How to Convince Your Parents to Get a Dog
Getting a dog is something most kids want. Their parents, on the other hand, are not so eager. Parents often think that they will be the ones taking care of the dog after the initial enthusiasm passes. That might often be the case, but you must have an honest conversation about getting a dog within the family.
Owning a dog is not all fun and games. Dogs can cost a lot of money, and it is a huge responsibility to get a dog. In most cases, kids have a lot of trouble convincing their parents to get a dog. If you are in that position, and you are thinking about how to convince your parents to get a dog, you should start by making a plan.
There are different things to think about and present to your parents. But first, you need to be absolutely sure you are prepared and ready for such a huge responsibility. If you follow this guide, you might just stand a chance of convincing your parents to get a dog. Check out these steps;
The first thing you should do is research dog breeds. There are over 400 registered breeds in the world, and each of them has unique needs, characteristics, personalities, and energy levels. Make sure you researched different breeds, and you pick one that will fit the family’s lifestyle. If you are an active family that goes on adventures, hiking, cycling, or running, getting an active dog might be a good idea. Perhaps one of these active dogs would be a great pick. If you live in an apartment, getting a huge dog might be a recipe for disaster. Luckily, there are different dog breeds that are ideal for apartments.
Dogs and puppies require a lot of time. They need to go for walks; they need to be fed, cleaned after, and groomed. Start by planning a schedule that will let your parents know you are thinking of every detail dogs need. That will show them you can focus on the facts and things dogs require. Keep in mind that dogs need to go out even if it is raining. Dogs don’t care if it is cold or warm. Dogs don’t understand you have homework or you want to play with your friends. They have their needs, and if you’re going to become a responsible dog owner, you need to fulfill them.

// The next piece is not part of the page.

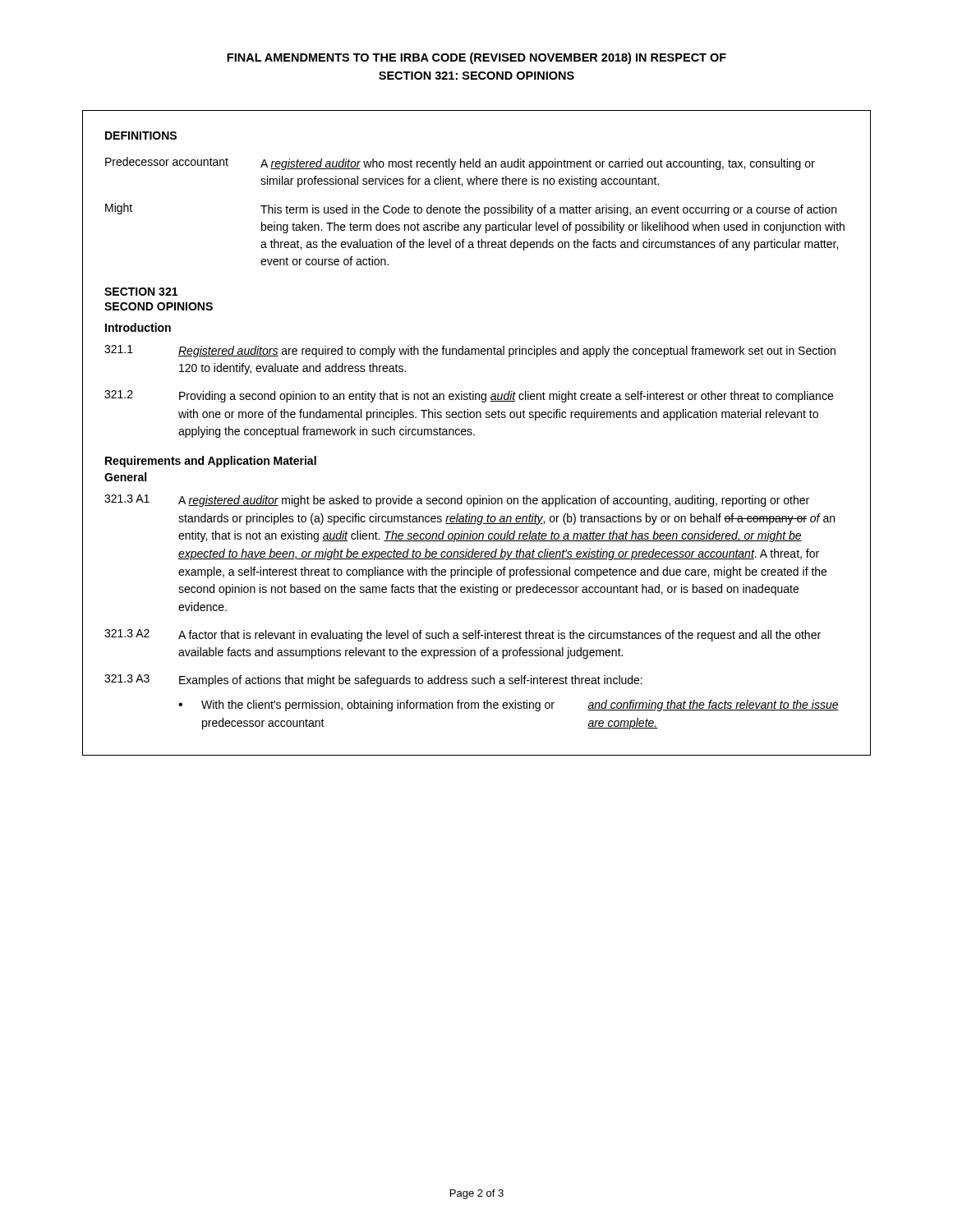Locate the list item that reads "321.1 Registered auditors are"
Image resolution: width=953 pixels, height=1232 pixels.
[x=476, y=360]

Parents are often reluctant to get a dog because most of the responsibilities fall on their shoulders. They already have busy lives working and providing for the family. They are often tired, yet they rarely show us how hard their lives are. Show them you are thinking about those things and let them know which dog responsibilities are you willing to take on yourself. Will you clean after the dog? Walk them? Get up earlier to do those things and play with the new dog? Will you learn about dog training? Let your parents know which of these things you will do, and you might know how to convince your parents to get a dog.

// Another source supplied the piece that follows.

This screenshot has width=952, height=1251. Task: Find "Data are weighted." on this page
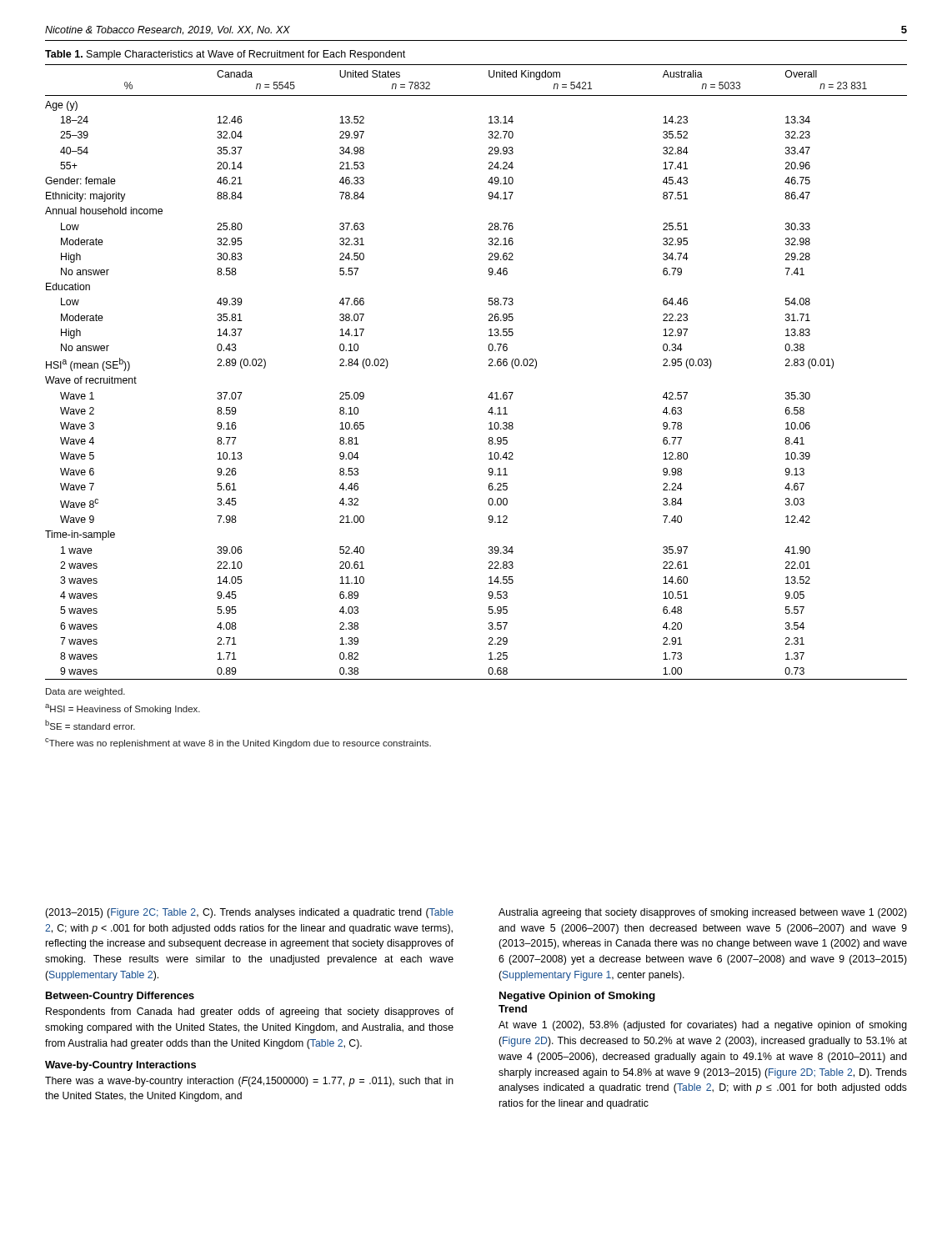85,692

Parents often don’t believe their kids when they say they will take care of the dog. Most kids will say anything to get what they want, and you need to make sure you are not like most kids. Show your parents you can do all your chores without them telling you to do it. Take out the trash if it is full, and clean the sink if there are dirty dishes. Show your parents you can do what you say you will do. The most important thing is not to expect results right away. Doing these things only one day won’t mean much. Keep at it, and really show your parents what a responsible kid you are.

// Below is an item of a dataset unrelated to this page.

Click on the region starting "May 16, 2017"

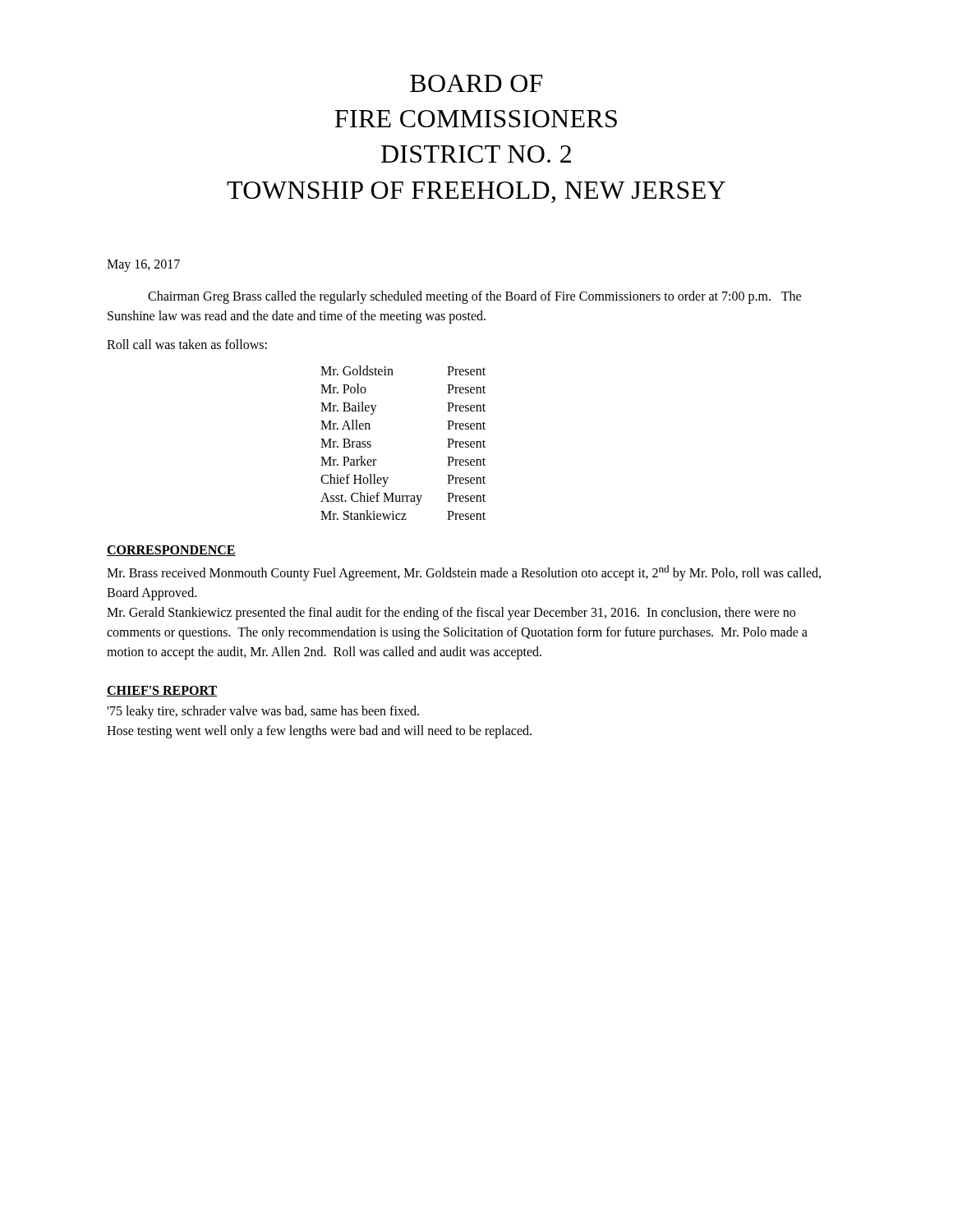[x=144, y=264]

Dogs can cost a lot of money. There is dog food, insurance, leashes, collars, bowls, dog beds, brushes, shampoos, flea and tick medicine, and many more things dogs will need. If you are serious about getting a dog, talk to your parents about the budget. Let them know you are aware that dogs cost money. If you are old enough, you can take a part-time job to earn a bit of money and help with dog expenses.
Here is something that can strengthen your case in front of strict parent judges. These are some of the physical and mental benefits dogs offer kids, and if you remember them, that might be how you convince your parent to get a dog.
- Kids with dogs get more daily physical activity. You can tell your parents you are looking after your long-term physical health.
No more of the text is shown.